Results from Melbourne Genomics Congenital Deafness study now fully published
April 3, 2020
Findings from the Melbourne Genomics Congenital Deafness Clinical Flagship have been published in two notable peer-reviewed journals. One of 16 clinical projects, the Deafness Flagship investigated the impact of genomic testing on the care of babies born with hearing loss.
Identifying the cause of hearing loss can change medical management and result in more precise and personalised care. The project team – led by Professor David Amor, with key coordination from Dr Lilian Downie – found genomic testing tripled the number of families who could be given a reason for their baby’s deafness.
The European Journal of Human Genetics publication details how 56% of families were able to gain a genetic diagnosis for their child’s hearing loss through genomic sequencing — compared to just 21% through usual testing. Melbourne Genomics’ Dr Lilian Downie said genomic testing offered a range of benefits.
“With genomics, we are able to tell many more families why they have a child with hearing issues,” Dr Downie said. “Doctors and the family can then create a tailored care plan.
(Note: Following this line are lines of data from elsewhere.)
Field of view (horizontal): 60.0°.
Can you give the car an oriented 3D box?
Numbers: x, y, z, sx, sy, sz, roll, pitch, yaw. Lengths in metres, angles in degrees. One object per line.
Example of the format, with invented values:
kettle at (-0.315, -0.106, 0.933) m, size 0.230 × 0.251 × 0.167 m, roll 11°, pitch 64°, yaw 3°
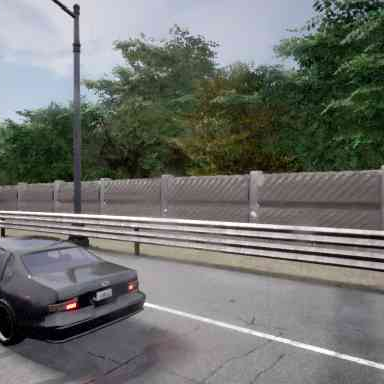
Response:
car at (-3.322, 1.569, 6.376) m, size 5.357 × 1.411 × 2.033 m, roll 0°, pitch 0°, yaw 36°
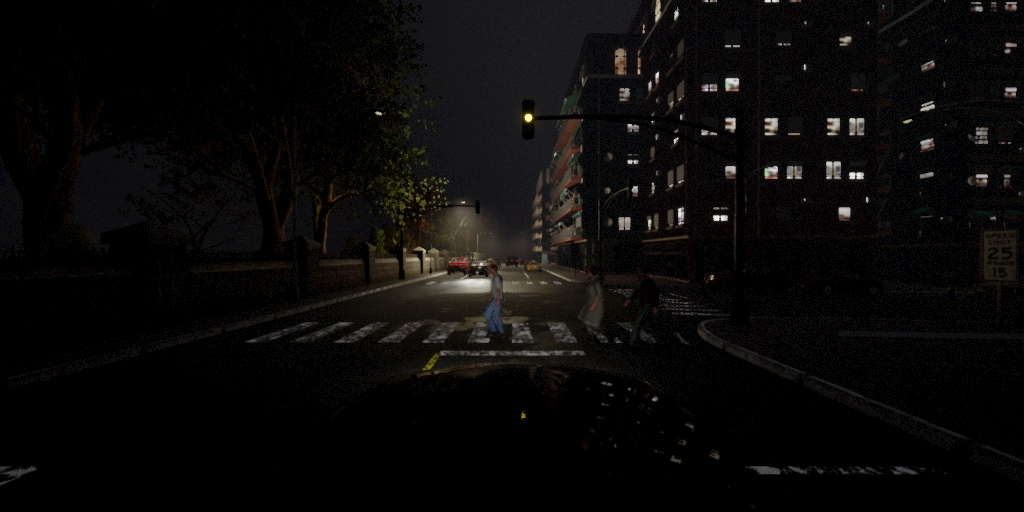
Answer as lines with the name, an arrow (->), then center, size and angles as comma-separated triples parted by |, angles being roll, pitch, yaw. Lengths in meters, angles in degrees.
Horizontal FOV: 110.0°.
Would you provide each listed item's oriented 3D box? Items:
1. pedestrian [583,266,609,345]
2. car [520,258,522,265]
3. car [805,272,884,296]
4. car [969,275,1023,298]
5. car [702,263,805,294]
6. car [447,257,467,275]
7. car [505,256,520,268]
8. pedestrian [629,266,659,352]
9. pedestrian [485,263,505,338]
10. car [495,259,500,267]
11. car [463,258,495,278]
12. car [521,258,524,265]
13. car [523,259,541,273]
pedestrian -> 1.876, 1.042, 8.041 | 0.375, 1.860, 0.375 | 0, 0, 0
car -> 2.689, 1.306, 55.427 | 2.007, 1.370, 4.403 | 0, 0, 0
car -> 20.293, 1.667, 22.255 | 4.507, 1.381, 1.888 | 0, 0, 0
car -> 31.515, 1.853, 22.290 | 4.829, 1.417, 1.751 | 0, 0, 0
car -> 14.598, 1.334, 22.236 | 5.009, 1.841, 2.192 | 0, 0, 0
car -> -5.691, 1.063, 38.820 | 2.192, 1.841, 5.009 | 0, 0, 0
car -> -0.001, 0.982, 63.751 | 2.150, 2.045, 5.566 | 0, 0, 0
pedestrian -> 2.716, 1.042, 7.392 | 0.375, 1.860, 0.375 | 0, 0, 0
pedestrian -> -0.387, 1.042, 8.640 | 0.375, 1.860, 0.375 | 0, 0, 0
car -> -3.087, 1.230, 48.876 | 1.882, 1.535, 5.008 | 0, 0, 0
car -> -3.088, 1.239, 34.761 | 2.128, 1.511, 4.902 | 0, 0, 0
car -> 2.689, 1.298, 49.891 | 1.888, 1.381, 4.507 | 0, 0, 0
car -> 2.689, 1.276, 44.526 | 1.751, 1.417, 4.829 | 0, 0, 0
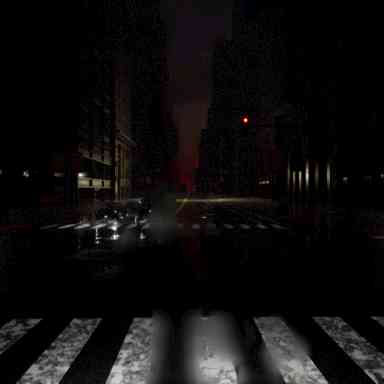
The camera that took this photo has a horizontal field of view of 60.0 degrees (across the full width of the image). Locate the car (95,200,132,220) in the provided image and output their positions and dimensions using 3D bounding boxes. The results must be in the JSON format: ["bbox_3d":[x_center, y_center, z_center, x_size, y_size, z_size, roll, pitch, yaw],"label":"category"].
[{"bbox_3d":[-6.639,1.588,27.957,1.895,1.301,4.718,0,0,1],"label":"car"}]

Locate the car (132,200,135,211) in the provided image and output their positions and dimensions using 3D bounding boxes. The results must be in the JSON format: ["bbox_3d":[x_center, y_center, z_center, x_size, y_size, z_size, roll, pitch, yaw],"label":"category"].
[{"bbox_3d":[-6.627,1.580,37.073,1.895,1.301,4.718,0,0,0],"label":"car"}]

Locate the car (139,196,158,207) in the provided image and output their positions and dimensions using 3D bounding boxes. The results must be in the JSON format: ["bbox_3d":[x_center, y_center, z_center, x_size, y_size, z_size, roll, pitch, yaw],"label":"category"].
[{"bbox_3d":[-6.626,1.457,51.162,2.128,1.511,4.902,0,0,0],"label":"car"}]

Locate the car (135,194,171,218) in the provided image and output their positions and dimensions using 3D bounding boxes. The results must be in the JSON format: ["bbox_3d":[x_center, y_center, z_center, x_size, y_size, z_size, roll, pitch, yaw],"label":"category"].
[{"bbox_3d":[-3.372,1.207,30.005,2.150,2.045,5.566,0,0,0],"label":"car"}]

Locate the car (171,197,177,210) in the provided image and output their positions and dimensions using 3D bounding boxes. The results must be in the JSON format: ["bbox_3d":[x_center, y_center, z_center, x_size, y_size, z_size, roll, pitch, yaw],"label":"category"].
[{"bbox_3d":[-3.377,1.468,40.429,2.128,1.511,4.902,0,0,0],"label":"car"}]

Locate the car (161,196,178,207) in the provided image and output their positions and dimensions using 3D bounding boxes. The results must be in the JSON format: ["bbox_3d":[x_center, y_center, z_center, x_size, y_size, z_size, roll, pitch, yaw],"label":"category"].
[{"bbox_3d":[-3.371,1.455,50.591,2.128,1.511,4.902,0,0,0],"label":"car"}]
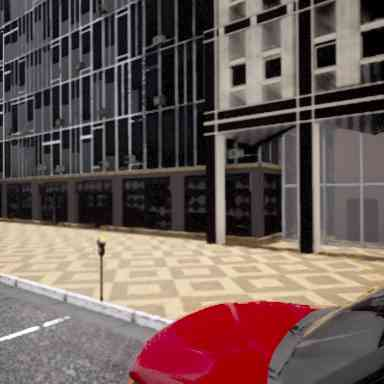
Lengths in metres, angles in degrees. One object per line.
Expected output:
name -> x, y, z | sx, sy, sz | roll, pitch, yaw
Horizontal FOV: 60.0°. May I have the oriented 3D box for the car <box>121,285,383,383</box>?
car -> 1.788, 1.310, 1.599 | 5.009, 1.841, 2.192 | -1, 0, 36
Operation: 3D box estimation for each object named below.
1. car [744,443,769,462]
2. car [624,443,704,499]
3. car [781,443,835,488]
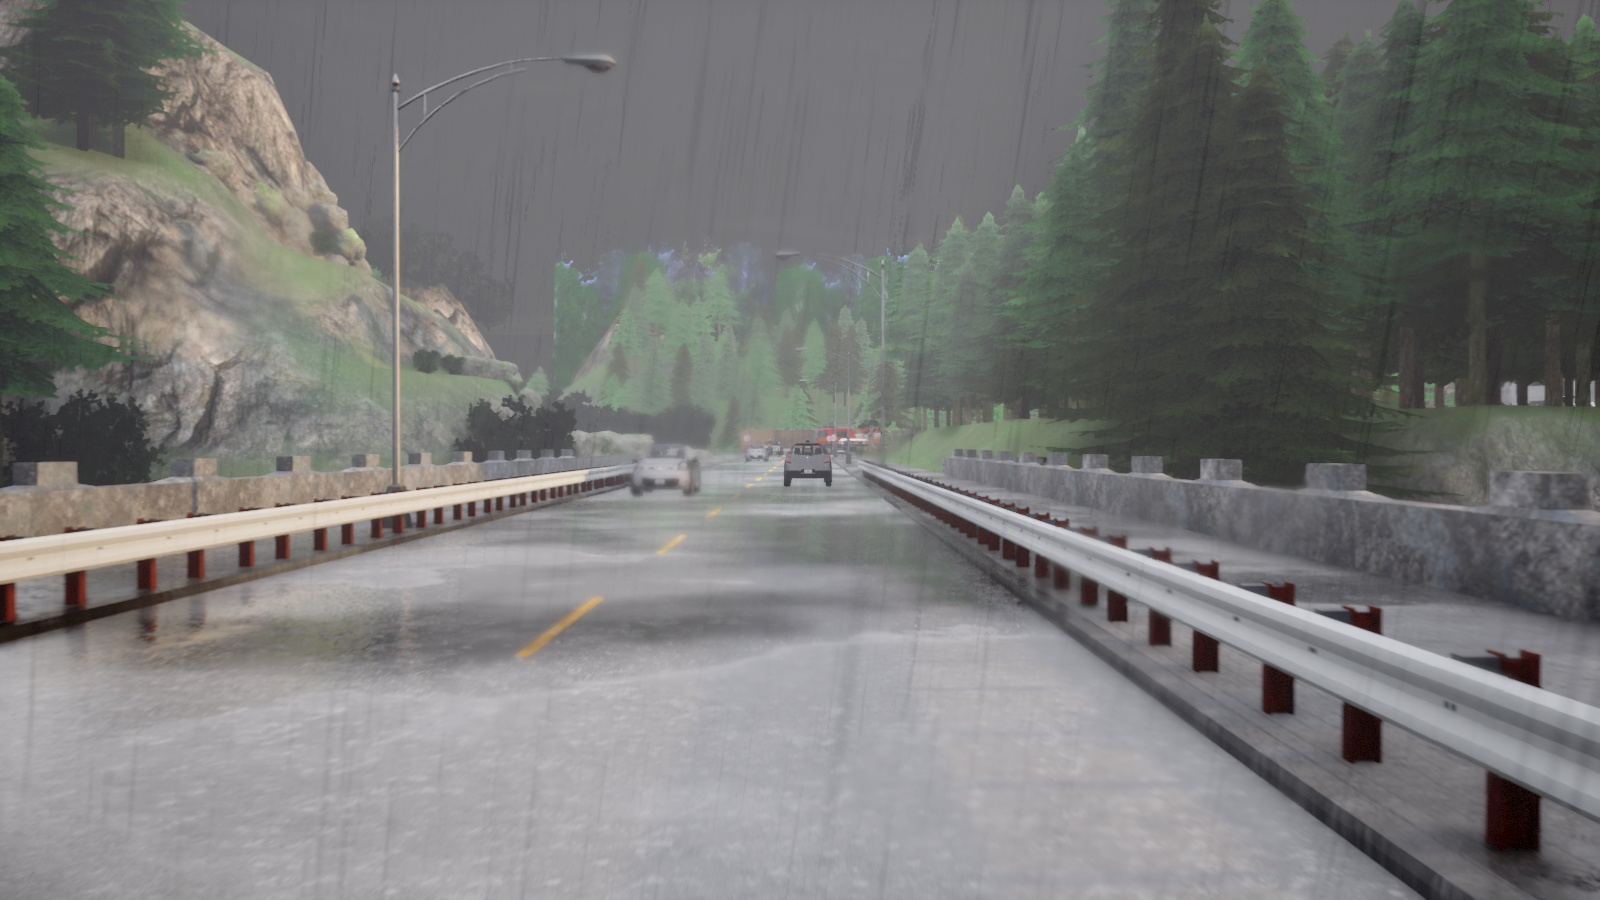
[{"bbox_3d":[-3.405,0.200,98.870,1.845,1.501,3.633,0,0,0],"label":"car"},{"bbox_3d":[-3.776,0.558,35.445,1.845,1.501,3.633,0,0,0],"label":"car"},{"bbox_3d":[0.277,0.512,44.283,1.845,1.501,3.633,0,0,0],"label":"car"}]
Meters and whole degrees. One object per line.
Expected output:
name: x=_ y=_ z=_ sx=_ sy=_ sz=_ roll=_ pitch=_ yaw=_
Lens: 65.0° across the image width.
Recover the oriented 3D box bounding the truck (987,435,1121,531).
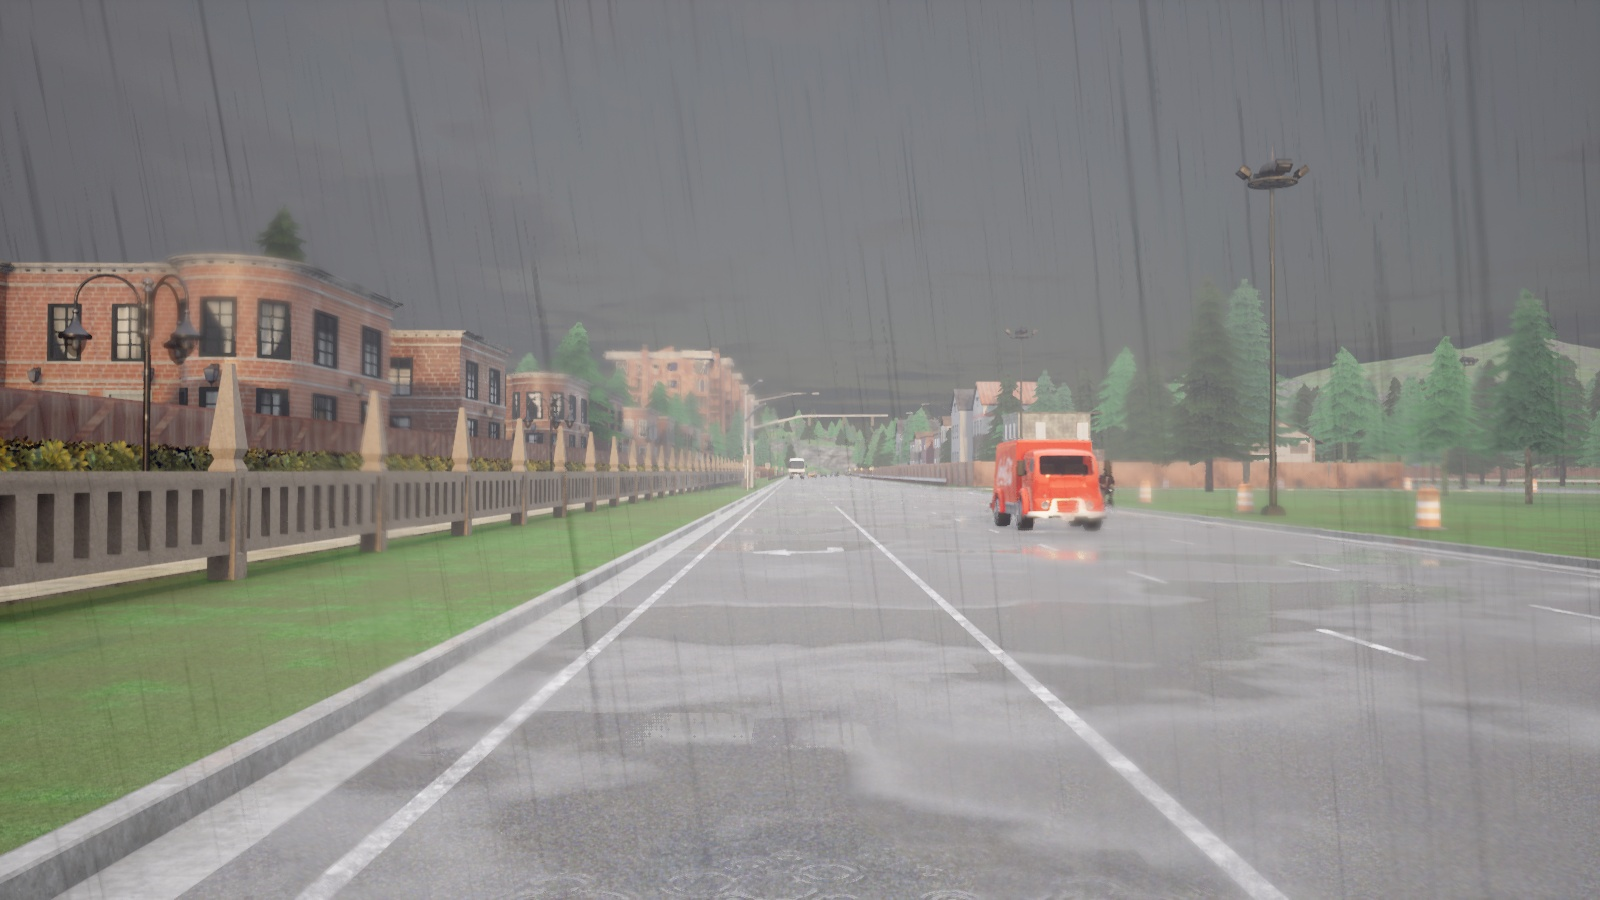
truck: x=6.916 y=0.893 z=34.870 sx=2.627 sy=2.467 sz=5.204 roll=0 pitch=-1 yaw=0
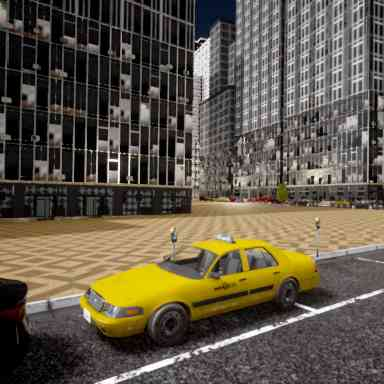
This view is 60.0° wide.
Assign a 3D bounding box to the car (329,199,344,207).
[{"bbox_3d":[25.601,1.839,56.702,1.752,1.417,4.829,1,-1,-22],"label":"car"}]

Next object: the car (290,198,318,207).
[{"bbox_3d":[18.374,1.715,53.559,2.008,1.369,4.403,1,-1,-22],"label":"car"}]

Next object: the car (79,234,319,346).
[{"bbox_3d":[0.420,1.528,6.330,4.829,1.417,1.752,0,1,-35],"label":"car"}]

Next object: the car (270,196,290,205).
[{"bbox_3d":[16.266,1.636,58.739,1.967,1.590,4.097,1,-1,-22],"label":"car"}]

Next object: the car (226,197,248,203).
[{"bbox_3d":[9.938,1.729,74.275,1.967,1.590,4.097,1,-1,-22],"label":"car"}]

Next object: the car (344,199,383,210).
[{"bbox_3d":[22.592,1.653,43.201,2.008,1.369,4.403,1,-1,-22],"label":"car"}]

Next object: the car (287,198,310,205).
[{"bbox_3d":[21.445,1.926,66.907,2.008,1.369,4.403,1,-1,-22],"label":"car"}]

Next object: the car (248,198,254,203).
[{"bbox_3d":[15.114,2.051,82.450,1.802,1.307,4.206,1,-1,-22],"label":"car"}]

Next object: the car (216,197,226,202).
[{"bbox_3d":[7.892,1.845,79.296,1.752,1.417,4.829,1,-1,-22],"label":"car"}]

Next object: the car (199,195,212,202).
[{"bbox_3d":[3.612,1.698,89.813,2.192,1.841,5.009,1,-1,-22],"label":"car"}]

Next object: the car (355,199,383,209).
[{"bbox_3d":[27.776,1.833,51.363,2.008,1.369,4.403,1,-1,-22],"label":"car"}]

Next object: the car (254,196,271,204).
[{"bbox_3d":[17.228,1.753,77.272,2.192,1.841,5.009,1,-1,-22],"label":"car"}]

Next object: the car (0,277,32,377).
[{"bbox_3d":[-3.944,1.565,3.272,4.313,1.339,1.947,0,1,-36],"label":"car"}]
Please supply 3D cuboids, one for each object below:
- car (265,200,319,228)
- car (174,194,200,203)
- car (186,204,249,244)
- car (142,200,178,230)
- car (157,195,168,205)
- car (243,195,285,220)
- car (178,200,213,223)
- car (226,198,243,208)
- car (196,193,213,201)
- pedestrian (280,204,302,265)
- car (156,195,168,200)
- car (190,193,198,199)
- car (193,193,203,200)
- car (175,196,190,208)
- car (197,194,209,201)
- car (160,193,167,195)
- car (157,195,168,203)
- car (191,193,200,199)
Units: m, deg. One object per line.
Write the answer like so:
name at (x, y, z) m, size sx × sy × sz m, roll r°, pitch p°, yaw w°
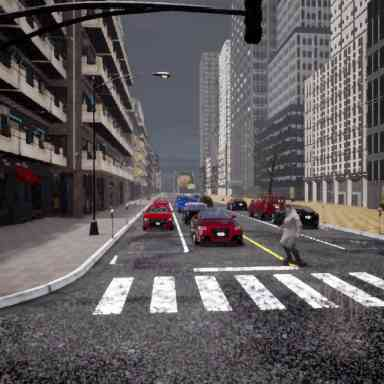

We found that 92% of the diagnosed babies had a change in their care – despite the fact that their underlying condition cannot be cured.”
The Clinical Flagship team also ran a sub-project investigating genomic newborn screening for a range of childhood-onset conditions other than deafness. Known as the ‘Baby Beyond Hearing’ project, this study is the first of its kind in a population-based cohort: offering genomic testing to all children with moderate to severe hearing impairment born in Victoria between January 2016 and December 2017.
More than two-thirds (68%) of parents who consented to genomic testing for their infant’s hearing loss also accepted the offer of additional screening of the child’s genome for a range of other conditions (which affect children but are unrelated to deafness).
The resulting peer-reviewed publication in Genetics in Medicine explores the real-world (not hypothetical) choices parents made when offered newborn genomic screening, as well as the psychosocial impact of these choices.
The 106 children in the Congenital Deafness Clinical Flagship are patients of Austin Health, Monash Health or The Royal Children’s Hospital, and were aged between four weeks and one year at the time of the study. They are among more than 3,800 adult and paediatric patients who have received genomic testing through Melbourne Genomics.